Don't you think that there are more ancient dumps in the background?

The slopes of these hills are composed of such a small barrow. Well, why not waste rock heaps? Erosion breaks down rocks into sand and dust, not into fine and not very stone.

If you do not inform that this is supposedly natural, then it will quite pass for mounds of waste rock.

Layered outliers in the background

In conclusion, I would like to add information about borehole in-situ leaching (ISL): The usual way of uranium mining is to extract ore from the bowels, crush it and process it to obtain the desired metals. In the SPV technology, which is also known as solution mining, the rock remains in place, wells are pierced across the field, through which fluids are then pumped to leach metal from the ore. In global practice, solutions based on acids and alkalis are used in the SPW process; however, in Russia, as well as in Australia, Canada and Kazakhstan, the latter are not used, preferring sulfuric acid H2SO4. The production of radioactive metal in our country is carried out by the traditional mine method and the modern method of borehole in-situ leaching (SPL). The latter already accounts for more than 30% of the total production volume. Pumps play a major role in the in-situ leaching process. They are used already at the very first stage - pumping out groundwater, into which an acidic reagent and an oxidizing component based on hydrogen peroxide or oxygen are then added. Then, with the help of downhole equipment, the solution is pumped into the geotechnical field.

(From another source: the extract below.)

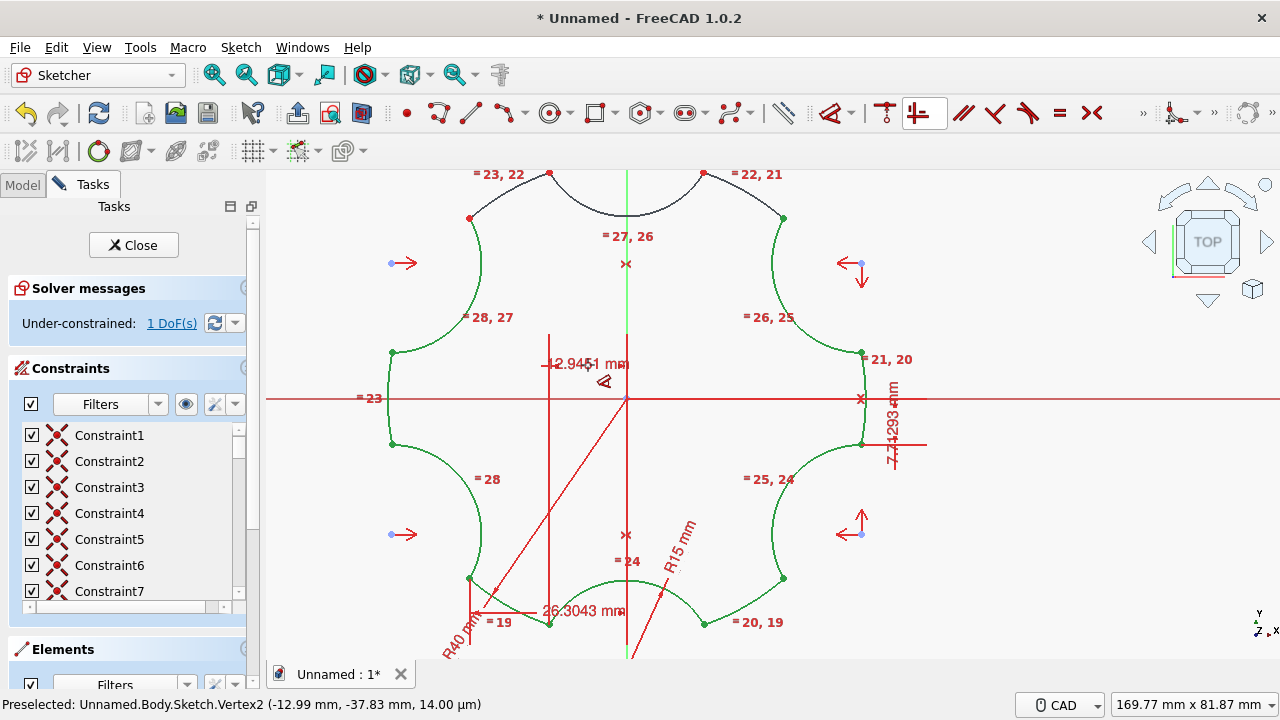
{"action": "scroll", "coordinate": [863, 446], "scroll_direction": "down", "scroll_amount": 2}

The uranium-enriched liquid enters the production wells, from where it is sent again with the help of pumps to the processing unit, where, in the process of sorption, uranium is deposited on an ion-exchange resin. Then the metal is separated chemically, the suspension is dewatered and dried to obtain the final product. The process solution is again saturated with oxygen (if necessary, with sulfuric acid) and returned to the cycle.

And one more example, but from a different place. Notice the details of this polystratus tree fossil photo:

It is possible that the waste rock was poured into the forest using the SPV technology (if we talk about underground leaching of metals). And it has nothing to do with the flood. Sorry, I don't know the place.